The following blog post is from Dr Christine Noe. Christine works at the University of Dar es Salaam, and is one of our colleagues on this project. We worked together in Meru at the beginning of June:

The research reported here is unusual for a couple of reasons. First, the original work was undertaken by the late Rolf Larsson in the mid-1990s. I am, in some ways, following in his footsteps, and how I have come to do so is a moving and difficult story. Rolf was killed in a road accident in Tanzania in 2004, on his way to revisit Meru and the sites of his original research. He had kept his data in meticulous order, however, and a chance encounter with his former colleagues has meant that I have been able to access it and use it. I am very grateful to Rolf and Göran Djurfeldt for making this possible.

The second is that, in other ways, Rolf was walking where I had trod when he did his research. Unlike most researchers in this livelihood change project, the work in Meru is return to my homeland, the place I was born and grew up. I studied at Makumira primary and secondary school, in Poli-Ndatu village where I was born, for thirteen years. Poli-Ndatu is among the nine villages that Rolf Larsson studied in 1994/1998. Part of my excitement with this project is that I am so well placed to contribute to the interpretation of change in Meru due to my personal experience, the local network, language fluency and connection to the landscape.

At the same time, this is not just an intellectual excitement. It is difficult to convey the importance and meaning of coming from, and belonging to Meru. We, the Meru people are called Warwa, which means ‘the mountain climbers’. The name captures our relationship with Mount Meru. Our sense of time, direction and livelihoods rely on this beautiful but densely populated landscape. Even when there are work and life opportunities in distant towns and cities, we return home at the end of the day or year. So this is more than just a visit to a research site for me.

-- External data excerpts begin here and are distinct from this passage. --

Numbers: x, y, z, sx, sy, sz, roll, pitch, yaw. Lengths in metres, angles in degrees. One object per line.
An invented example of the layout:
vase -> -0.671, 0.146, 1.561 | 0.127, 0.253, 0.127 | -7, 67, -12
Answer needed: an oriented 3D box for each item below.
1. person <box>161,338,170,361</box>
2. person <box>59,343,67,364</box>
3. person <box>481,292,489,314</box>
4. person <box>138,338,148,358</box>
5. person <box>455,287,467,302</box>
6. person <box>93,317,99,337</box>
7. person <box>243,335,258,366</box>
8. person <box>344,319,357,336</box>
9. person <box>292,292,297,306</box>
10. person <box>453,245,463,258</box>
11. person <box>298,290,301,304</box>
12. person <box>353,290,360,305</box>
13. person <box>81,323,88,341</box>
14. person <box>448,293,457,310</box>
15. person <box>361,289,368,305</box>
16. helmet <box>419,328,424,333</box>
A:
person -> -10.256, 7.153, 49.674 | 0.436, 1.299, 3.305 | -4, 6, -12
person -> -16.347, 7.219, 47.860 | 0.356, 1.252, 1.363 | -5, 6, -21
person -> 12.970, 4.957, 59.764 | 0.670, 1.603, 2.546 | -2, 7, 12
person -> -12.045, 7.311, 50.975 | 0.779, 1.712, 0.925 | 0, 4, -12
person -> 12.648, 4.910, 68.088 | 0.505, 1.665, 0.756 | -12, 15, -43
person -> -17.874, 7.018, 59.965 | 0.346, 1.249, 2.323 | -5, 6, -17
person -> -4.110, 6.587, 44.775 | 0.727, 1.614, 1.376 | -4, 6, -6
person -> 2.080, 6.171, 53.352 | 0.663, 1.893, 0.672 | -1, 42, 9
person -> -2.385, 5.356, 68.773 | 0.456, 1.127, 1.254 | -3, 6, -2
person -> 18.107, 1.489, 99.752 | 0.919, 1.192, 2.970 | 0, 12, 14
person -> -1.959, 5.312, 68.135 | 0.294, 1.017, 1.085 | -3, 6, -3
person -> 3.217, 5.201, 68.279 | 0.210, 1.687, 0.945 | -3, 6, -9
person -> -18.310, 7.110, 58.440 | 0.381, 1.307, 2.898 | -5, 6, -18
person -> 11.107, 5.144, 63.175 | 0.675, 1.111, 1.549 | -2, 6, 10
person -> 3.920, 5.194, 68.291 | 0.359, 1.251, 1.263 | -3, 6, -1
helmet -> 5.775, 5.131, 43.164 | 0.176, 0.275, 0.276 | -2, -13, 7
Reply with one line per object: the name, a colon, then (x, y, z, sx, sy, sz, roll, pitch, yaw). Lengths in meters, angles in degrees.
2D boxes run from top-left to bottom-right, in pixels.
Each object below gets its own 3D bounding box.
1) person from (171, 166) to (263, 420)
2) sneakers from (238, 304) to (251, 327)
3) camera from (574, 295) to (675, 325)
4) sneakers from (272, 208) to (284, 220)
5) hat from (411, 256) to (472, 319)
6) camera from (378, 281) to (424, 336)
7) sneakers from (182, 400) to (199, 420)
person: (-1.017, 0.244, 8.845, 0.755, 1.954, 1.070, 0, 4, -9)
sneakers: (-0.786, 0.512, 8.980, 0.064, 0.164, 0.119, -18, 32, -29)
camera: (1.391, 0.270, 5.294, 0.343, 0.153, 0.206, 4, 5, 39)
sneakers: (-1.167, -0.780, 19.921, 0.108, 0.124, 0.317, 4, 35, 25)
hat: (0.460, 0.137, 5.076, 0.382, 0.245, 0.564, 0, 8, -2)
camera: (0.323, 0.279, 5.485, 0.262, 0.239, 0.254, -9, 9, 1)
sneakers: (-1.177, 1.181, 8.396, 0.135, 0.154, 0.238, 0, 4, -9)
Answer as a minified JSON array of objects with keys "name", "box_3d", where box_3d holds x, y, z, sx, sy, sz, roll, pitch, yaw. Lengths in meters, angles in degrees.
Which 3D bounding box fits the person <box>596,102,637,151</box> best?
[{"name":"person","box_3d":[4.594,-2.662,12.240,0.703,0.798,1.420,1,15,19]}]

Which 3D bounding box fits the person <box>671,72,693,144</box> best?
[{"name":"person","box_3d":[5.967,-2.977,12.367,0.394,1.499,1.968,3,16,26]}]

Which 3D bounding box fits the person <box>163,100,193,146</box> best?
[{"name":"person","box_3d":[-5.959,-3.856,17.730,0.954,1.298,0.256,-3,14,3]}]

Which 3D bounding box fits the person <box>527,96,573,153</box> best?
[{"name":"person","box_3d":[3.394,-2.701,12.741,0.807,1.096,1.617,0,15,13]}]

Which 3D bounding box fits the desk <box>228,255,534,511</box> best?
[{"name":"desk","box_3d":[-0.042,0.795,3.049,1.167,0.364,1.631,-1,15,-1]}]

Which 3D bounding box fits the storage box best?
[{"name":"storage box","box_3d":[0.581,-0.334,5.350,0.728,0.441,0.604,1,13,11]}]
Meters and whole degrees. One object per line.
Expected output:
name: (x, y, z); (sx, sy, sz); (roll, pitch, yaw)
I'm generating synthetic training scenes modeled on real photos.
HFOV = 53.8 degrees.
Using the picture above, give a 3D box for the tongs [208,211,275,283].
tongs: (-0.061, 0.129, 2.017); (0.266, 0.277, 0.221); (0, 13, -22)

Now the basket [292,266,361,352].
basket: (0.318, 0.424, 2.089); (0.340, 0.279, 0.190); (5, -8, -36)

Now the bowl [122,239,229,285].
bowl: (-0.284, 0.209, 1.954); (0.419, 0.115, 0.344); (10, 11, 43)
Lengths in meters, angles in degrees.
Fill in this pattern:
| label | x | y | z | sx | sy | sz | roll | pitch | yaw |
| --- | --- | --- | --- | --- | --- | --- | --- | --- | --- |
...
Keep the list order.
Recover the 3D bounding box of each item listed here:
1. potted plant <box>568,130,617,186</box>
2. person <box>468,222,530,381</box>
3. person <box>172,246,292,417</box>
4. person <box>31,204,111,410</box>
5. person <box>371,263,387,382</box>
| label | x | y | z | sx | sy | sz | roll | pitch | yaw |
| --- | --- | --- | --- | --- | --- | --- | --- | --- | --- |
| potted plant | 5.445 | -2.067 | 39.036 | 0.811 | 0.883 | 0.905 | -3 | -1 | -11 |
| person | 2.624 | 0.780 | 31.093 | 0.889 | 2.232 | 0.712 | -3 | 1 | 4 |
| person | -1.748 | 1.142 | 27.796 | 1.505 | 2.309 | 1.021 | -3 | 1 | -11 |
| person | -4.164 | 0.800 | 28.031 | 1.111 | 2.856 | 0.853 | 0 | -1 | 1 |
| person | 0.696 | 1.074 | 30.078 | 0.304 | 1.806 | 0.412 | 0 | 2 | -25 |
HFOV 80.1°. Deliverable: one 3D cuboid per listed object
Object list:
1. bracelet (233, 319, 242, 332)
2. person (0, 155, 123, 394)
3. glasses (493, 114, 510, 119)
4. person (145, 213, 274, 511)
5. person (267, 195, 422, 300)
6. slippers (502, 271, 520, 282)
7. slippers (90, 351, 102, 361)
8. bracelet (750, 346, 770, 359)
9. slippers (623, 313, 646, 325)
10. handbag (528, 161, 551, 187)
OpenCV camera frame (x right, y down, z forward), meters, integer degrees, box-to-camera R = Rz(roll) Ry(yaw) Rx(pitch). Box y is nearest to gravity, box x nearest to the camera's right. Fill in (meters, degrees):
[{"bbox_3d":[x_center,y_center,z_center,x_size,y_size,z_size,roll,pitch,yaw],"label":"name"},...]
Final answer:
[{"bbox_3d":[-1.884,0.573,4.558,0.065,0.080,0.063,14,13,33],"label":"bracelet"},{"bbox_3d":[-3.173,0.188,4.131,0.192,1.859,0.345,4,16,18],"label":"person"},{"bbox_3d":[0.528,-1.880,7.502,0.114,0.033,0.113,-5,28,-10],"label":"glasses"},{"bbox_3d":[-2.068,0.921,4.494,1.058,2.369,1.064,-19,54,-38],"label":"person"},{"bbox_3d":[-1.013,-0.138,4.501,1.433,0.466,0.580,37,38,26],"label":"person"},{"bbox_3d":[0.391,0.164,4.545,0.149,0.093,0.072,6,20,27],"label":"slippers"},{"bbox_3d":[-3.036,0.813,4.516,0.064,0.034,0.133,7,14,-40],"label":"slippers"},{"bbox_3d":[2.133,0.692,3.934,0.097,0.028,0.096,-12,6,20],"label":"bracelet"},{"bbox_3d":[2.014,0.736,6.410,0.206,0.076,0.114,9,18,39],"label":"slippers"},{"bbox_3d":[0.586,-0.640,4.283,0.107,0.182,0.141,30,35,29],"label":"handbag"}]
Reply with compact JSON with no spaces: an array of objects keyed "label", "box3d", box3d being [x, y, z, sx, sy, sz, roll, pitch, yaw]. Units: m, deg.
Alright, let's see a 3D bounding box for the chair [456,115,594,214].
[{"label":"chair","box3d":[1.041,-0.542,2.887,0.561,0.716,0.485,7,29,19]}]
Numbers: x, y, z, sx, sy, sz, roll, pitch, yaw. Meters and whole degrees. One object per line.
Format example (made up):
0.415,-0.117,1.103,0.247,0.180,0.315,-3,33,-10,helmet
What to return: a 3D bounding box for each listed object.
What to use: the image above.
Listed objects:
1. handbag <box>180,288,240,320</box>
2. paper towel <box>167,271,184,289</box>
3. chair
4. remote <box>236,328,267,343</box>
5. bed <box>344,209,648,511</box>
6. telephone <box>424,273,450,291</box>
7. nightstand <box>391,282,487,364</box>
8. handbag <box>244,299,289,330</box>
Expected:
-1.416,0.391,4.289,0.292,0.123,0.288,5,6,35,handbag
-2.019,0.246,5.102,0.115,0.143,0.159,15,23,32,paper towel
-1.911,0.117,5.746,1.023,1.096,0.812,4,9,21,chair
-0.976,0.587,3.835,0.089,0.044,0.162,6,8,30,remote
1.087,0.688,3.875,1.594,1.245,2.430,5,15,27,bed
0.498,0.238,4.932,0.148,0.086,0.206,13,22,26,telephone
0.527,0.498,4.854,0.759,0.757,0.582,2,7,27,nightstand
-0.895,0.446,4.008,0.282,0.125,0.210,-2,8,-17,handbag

But, in purer research terms, there is also an important story to tell here, for Meru has a fascinating history of coffee production and a changing relationship to the coffee economy that makes it an important study site. Indeed, the reason I went to school in Meru, apart from it being the school closest to home, is that it was affordable. For many years school fees was subsidized for Meru students whose parents were members of coffee cooperative societies. My childhood is indelibly inscribed (perhaps stained might be the best word given this is coffee) by the long hours of labour I undertook tending coffee bushes and washing coffee beans in cold mountain streams before dawn.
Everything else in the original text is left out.